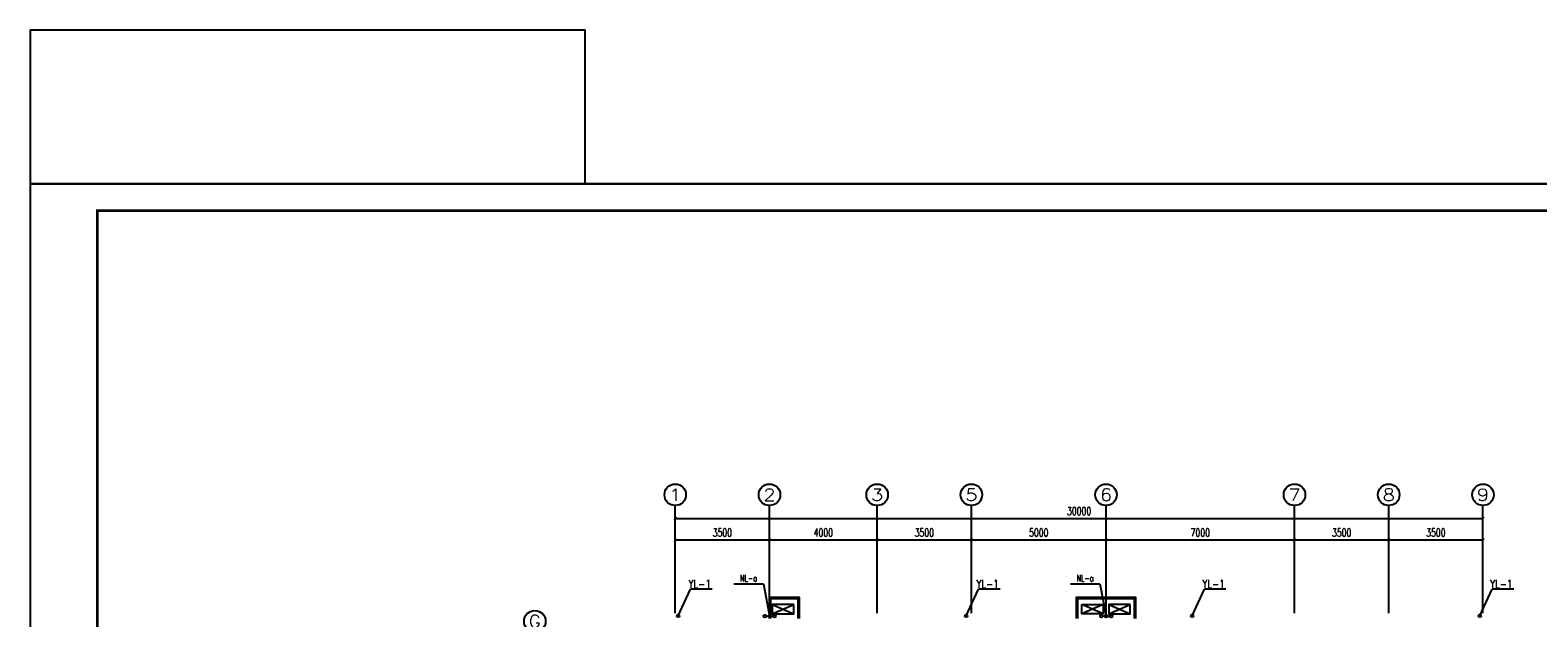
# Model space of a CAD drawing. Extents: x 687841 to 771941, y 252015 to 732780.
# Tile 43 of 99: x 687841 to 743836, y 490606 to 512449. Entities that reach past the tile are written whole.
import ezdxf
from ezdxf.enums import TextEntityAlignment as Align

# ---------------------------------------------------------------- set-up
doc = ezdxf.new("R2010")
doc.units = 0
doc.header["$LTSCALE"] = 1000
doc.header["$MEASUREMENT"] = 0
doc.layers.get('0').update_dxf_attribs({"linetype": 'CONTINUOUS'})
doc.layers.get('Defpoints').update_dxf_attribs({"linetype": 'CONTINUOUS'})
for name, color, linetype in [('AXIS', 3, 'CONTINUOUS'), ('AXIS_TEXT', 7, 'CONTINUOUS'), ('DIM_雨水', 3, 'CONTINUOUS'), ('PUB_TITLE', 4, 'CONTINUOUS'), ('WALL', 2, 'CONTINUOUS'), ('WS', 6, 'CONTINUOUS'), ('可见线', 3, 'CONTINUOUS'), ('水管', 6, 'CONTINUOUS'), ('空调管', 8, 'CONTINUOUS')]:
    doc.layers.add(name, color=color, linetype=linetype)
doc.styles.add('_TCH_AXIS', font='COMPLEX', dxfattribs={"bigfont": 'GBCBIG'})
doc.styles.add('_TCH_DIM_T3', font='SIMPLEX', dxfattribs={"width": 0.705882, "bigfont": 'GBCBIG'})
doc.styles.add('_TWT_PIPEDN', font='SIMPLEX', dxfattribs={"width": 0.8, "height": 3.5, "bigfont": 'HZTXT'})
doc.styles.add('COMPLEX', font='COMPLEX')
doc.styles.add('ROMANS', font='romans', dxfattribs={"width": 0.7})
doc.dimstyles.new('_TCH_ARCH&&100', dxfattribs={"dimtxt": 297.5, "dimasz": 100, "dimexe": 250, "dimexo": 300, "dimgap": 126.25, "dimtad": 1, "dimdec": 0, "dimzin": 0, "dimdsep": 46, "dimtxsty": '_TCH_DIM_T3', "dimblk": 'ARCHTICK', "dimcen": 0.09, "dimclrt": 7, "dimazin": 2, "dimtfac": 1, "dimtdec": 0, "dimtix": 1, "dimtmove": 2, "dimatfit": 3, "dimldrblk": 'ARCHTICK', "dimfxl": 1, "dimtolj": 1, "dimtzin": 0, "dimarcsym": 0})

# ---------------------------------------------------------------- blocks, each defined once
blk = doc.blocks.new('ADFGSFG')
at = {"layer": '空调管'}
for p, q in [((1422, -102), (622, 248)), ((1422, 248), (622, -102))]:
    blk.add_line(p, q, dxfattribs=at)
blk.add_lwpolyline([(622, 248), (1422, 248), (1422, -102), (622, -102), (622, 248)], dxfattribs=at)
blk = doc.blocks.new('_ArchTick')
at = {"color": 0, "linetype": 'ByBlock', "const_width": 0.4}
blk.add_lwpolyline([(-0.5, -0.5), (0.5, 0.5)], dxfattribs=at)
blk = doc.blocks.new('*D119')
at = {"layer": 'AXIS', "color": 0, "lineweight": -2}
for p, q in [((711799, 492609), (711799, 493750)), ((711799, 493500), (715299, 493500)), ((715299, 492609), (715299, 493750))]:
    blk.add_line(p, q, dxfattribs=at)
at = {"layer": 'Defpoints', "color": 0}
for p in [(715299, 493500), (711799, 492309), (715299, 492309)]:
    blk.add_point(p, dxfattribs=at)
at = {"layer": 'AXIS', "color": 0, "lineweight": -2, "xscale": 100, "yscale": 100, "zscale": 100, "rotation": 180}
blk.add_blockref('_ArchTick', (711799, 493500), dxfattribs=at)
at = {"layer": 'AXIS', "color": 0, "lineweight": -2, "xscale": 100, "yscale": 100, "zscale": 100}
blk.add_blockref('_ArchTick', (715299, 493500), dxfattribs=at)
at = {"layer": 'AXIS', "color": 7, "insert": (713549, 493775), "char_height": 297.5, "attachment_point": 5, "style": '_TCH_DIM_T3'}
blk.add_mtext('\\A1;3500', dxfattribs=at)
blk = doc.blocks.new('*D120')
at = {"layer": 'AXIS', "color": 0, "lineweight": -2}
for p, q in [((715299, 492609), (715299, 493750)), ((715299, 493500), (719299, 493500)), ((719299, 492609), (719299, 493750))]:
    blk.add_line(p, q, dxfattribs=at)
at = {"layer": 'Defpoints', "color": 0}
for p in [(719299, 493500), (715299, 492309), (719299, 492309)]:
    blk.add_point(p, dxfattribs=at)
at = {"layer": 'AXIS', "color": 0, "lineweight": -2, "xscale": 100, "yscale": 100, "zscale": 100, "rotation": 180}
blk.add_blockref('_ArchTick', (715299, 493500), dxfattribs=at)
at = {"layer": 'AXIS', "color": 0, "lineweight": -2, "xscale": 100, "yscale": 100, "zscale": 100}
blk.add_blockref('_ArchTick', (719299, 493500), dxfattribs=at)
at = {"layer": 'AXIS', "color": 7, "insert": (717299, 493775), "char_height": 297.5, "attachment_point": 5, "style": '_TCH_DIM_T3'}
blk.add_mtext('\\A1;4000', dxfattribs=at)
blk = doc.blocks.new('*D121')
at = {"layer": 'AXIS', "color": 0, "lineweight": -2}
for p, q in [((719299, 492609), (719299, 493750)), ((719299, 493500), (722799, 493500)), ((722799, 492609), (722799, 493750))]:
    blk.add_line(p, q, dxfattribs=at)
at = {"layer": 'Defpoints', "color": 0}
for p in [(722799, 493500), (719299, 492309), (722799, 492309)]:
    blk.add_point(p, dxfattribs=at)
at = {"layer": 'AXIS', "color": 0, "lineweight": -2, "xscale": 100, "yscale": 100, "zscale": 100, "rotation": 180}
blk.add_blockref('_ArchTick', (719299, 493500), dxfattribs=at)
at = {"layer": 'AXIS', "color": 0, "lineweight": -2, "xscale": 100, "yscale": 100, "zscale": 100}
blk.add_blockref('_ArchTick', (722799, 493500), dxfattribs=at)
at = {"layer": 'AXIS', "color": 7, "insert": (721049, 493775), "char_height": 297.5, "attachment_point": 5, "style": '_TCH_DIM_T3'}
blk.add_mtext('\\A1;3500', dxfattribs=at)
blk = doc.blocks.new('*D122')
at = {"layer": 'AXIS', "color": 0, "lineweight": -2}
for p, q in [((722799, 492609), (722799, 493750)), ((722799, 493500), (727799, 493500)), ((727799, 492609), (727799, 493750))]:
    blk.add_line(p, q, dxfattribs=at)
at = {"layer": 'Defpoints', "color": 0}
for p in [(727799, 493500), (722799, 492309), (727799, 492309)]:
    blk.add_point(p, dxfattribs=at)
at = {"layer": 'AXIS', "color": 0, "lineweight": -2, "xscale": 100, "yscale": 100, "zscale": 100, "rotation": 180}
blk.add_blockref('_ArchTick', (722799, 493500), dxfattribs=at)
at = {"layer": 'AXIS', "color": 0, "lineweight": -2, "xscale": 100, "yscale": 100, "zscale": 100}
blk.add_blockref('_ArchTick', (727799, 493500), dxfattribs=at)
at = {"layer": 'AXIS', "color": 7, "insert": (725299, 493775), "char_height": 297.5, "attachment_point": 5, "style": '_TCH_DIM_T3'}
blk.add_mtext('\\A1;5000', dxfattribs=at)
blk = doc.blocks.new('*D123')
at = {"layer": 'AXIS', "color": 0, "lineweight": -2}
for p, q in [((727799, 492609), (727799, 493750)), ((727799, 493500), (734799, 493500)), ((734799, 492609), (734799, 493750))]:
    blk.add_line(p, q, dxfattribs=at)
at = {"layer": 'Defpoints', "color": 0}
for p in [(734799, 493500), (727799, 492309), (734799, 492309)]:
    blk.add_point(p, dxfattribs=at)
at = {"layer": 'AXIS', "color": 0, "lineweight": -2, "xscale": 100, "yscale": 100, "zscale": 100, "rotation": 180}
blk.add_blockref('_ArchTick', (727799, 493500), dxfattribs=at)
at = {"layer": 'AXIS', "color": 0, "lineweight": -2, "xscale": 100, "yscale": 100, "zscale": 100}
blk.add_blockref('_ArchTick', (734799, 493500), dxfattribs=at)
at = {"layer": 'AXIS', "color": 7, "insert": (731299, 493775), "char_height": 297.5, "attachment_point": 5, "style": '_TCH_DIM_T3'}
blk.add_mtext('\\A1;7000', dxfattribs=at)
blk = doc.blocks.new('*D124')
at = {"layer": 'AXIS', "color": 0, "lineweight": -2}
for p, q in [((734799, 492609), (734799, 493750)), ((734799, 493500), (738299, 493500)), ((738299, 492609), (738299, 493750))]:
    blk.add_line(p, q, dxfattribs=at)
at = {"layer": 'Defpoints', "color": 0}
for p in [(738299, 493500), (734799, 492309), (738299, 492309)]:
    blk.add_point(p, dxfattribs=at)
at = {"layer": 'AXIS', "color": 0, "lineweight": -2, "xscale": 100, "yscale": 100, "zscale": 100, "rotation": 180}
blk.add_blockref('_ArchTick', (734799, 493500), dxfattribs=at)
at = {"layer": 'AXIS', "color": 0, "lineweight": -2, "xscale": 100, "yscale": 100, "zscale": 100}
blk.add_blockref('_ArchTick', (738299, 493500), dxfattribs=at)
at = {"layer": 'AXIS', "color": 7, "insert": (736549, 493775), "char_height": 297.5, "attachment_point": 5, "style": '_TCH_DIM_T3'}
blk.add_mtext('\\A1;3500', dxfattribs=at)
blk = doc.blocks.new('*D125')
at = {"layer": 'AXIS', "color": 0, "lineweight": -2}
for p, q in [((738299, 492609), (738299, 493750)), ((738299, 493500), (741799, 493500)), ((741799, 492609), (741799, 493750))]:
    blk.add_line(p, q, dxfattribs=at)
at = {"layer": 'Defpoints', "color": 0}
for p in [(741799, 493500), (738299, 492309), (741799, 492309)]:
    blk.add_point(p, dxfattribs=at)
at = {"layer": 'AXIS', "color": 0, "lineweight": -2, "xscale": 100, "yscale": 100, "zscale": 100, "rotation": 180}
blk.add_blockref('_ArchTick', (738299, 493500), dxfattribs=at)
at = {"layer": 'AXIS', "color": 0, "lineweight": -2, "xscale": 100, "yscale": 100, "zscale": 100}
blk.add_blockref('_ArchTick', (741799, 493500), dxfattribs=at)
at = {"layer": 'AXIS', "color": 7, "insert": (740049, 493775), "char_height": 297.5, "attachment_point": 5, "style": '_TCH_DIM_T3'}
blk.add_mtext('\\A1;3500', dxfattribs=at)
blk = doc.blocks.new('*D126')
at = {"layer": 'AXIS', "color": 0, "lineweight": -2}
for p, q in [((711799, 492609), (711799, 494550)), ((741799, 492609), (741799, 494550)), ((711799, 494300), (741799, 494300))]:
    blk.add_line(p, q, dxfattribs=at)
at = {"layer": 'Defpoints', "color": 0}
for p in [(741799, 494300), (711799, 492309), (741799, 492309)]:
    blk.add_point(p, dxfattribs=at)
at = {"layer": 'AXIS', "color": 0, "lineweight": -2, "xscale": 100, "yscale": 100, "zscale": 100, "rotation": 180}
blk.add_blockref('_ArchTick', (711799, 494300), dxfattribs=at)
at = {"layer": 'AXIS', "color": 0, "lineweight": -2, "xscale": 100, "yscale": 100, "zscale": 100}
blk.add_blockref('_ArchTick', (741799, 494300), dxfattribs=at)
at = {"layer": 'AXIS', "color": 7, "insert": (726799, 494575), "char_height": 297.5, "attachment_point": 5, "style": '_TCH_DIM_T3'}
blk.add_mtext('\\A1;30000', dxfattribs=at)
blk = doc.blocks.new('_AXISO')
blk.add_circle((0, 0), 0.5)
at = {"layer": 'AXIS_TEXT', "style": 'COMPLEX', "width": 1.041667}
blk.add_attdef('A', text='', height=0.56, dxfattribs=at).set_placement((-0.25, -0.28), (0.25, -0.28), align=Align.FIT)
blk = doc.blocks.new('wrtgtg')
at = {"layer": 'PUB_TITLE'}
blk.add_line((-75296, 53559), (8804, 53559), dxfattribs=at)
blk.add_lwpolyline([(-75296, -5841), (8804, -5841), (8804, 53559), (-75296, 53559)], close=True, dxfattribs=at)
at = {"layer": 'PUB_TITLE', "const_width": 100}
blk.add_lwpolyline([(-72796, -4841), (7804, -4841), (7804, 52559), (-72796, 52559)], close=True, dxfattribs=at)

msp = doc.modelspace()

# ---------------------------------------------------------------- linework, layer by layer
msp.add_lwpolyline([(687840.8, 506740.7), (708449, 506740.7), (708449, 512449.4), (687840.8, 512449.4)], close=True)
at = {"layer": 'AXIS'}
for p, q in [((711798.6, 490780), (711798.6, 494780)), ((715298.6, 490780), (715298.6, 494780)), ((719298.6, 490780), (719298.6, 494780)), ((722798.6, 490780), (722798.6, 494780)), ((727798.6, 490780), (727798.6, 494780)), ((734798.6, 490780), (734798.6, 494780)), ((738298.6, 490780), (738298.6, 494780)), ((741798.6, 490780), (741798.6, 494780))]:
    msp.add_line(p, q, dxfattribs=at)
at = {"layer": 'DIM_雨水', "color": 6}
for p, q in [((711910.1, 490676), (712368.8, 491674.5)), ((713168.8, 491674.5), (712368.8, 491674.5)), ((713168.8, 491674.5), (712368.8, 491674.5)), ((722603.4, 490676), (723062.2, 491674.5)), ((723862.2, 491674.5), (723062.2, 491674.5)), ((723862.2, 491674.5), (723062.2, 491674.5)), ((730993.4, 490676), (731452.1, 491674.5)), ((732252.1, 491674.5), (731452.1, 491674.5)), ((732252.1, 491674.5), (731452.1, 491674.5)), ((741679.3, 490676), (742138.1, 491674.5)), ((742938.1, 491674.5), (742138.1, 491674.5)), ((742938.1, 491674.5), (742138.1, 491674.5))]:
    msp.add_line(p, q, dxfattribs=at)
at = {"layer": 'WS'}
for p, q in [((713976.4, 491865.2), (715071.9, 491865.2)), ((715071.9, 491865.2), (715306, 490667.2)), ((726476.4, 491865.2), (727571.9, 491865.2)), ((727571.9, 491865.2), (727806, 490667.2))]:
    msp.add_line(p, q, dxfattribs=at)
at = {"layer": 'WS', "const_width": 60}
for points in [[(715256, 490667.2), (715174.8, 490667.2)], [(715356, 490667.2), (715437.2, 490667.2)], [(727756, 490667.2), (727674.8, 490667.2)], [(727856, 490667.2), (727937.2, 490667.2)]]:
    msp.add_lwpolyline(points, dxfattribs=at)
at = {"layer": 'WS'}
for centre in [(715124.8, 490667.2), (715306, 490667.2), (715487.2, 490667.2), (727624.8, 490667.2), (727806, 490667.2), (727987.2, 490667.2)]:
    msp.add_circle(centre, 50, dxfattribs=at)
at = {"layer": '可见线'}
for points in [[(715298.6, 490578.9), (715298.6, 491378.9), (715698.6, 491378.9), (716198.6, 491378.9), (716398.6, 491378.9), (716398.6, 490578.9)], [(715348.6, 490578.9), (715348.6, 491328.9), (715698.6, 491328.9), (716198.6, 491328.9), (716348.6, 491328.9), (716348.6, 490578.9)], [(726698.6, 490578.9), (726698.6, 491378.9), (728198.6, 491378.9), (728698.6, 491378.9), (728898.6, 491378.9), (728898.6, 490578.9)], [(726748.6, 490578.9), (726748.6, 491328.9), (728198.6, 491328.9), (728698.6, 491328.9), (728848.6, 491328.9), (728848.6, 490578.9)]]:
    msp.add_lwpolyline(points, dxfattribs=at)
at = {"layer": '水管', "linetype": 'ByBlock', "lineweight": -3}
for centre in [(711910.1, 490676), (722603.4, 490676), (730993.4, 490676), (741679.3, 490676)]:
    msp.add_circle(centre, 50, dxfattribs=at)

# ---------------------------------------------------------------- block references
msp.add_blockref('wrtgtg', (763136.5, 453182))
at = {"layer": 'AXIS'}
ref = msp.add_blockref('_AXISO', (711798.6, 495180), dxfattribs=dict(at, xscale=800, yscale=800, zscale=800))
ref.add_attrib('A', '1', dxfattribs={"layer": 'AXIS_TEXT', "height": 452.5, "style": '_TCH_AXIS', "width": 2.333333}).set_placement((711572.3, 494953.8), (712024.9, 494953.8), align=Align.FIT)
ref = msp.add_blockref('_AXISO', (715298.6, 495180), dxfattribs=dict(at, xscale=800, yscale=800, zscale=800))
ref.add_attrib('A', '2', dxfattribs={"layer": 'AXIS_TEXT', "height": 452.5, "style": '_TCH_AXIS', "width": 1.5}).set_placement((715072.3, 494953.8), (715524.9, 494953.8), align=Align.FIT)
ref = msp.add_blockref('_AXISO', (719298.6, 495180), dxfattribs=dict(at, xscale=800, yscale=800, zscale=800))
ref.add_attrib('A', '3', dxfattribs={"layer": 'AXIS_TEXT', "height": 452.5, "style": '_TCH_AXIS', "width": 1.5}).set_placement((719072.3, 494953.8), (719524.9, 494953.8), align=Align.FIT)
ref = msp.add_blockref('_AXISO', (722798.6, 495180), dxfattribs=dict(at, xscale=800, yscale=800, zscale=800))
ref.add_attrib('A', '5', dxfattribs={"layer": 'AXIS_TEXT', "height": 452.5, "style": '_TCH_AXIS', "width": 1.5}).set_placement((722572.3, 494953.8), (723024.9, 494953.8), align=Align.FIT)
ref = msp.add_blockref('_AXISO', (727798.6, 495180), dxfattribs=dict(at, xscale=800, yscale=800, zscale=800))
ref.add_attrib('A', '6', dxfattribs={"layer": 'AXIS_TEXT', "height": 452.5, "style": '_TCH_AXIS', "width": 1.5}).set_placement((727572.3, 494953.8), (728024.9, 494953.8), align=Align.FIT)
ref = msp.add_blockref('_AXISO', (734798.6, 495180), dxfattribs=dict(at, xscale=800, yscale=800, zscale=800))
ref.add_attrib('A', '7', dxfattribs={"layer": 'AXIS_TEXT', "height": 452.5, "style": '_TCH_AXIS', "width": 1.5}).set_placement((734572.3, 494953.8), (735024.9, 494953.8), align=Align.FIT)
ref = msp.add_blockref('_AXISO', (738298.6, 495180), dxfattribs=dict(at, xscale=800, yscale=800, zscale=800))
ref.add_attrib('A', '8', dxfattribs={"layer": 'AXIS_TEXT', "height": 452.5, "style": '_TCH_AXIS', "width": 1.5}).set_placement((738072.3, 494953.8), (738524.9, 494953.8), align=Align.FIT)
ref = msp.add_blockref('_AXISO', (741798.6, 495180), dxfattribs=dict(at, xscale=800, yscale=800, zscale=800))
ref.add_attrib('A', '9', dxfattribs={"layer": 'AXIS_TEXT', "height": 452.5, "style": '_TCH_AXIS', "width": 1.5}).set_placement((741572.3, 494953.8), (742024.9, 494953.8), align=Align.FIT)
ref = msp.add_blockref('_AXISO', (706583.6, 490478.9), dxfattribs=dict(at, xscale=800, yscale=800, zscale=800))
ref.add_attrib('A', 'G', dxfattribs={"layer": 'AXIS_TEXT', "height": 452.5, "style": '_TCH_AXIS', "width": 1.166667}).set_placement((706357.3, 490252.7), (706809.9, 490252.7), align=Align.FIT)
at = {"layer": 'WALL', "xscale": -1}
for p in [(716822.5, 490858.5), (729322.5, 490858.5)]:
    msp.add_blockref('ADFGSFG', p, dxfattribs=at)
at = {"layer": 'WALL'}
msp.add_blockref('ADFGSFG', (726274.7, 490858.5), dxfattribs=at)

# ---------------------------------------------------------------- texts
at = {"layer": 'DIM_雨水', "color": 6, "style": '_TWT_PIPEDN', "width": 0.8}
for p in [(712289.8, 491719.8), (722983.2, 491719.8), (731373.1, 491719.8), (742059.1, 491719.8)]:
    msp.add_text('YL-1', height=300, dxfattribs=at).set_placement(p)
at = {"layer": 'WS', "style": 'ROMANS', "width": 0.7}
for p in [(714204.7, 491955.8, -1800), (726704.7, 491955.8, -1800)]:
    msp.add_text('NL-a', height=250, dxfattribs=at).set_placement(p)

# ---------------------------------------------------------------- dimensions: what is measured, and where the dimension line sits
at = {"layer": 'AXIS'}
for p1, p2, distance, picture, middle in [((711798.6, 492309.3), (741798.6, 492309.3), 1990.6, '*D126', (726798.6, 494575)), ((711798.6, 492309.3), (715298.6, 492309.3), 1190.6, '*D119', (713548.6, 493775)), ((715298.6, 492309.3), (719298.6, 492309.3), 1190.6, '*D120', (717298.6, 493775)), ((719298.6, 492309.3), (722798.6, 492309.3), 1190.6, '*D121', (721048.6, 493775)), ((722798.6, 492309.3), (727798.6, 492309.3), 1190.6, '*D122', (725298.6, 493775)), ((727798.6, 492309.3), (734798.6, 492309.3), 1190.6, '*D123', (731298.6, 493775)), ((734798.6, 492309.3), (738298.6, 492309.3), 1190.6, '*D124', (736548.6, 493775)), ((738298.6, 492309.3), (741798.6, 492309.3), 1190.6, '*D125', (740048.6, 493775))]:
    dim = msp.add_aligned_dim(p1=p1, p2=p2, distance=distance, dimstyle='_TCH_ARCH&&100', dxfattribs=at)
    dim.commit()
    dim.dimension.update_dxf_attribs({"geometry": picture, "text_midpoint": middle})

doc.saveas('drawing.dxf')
--------
> How to complete this task
Examine the records and pull out every line where the string "linetype" occurs.

> Solution to this problem
doc.layers.get('0').update_dxf_attribs({"linetype": 'CONTINUOUS'})
doc.layers.get('Defpoints').update_dxf_attribs({"linetype": 'CONTINUOUS'})
for name, color, linetype in [('AXIS', 3, 'CONTINUOUS'), ('AXIS_TEXT', 7, 'CONTINUOUS'), ('DIM_雨水', 3, 'CONTINUOUS'), ('PUB_TITLE', 4, 'CONTINUOUS'), ('WALL', 2, 'CONTINUOUS'), ('WS', 6, 'CONTINUOUS'), ('可见线', 3, 'CONTINUOUS'), ('水管', 6, 'CONTINUOUS'), ('空调管', 8, 'CONTINUOUS')]:
    doc.layers.add(name, color=color, linetype=linetype)
at = {"color": 0, "linetype": 'ByBlock', "const_width": 0.4}
at = {"layer": '水管', "linetype": 'ByBlock', "lineweight": -3}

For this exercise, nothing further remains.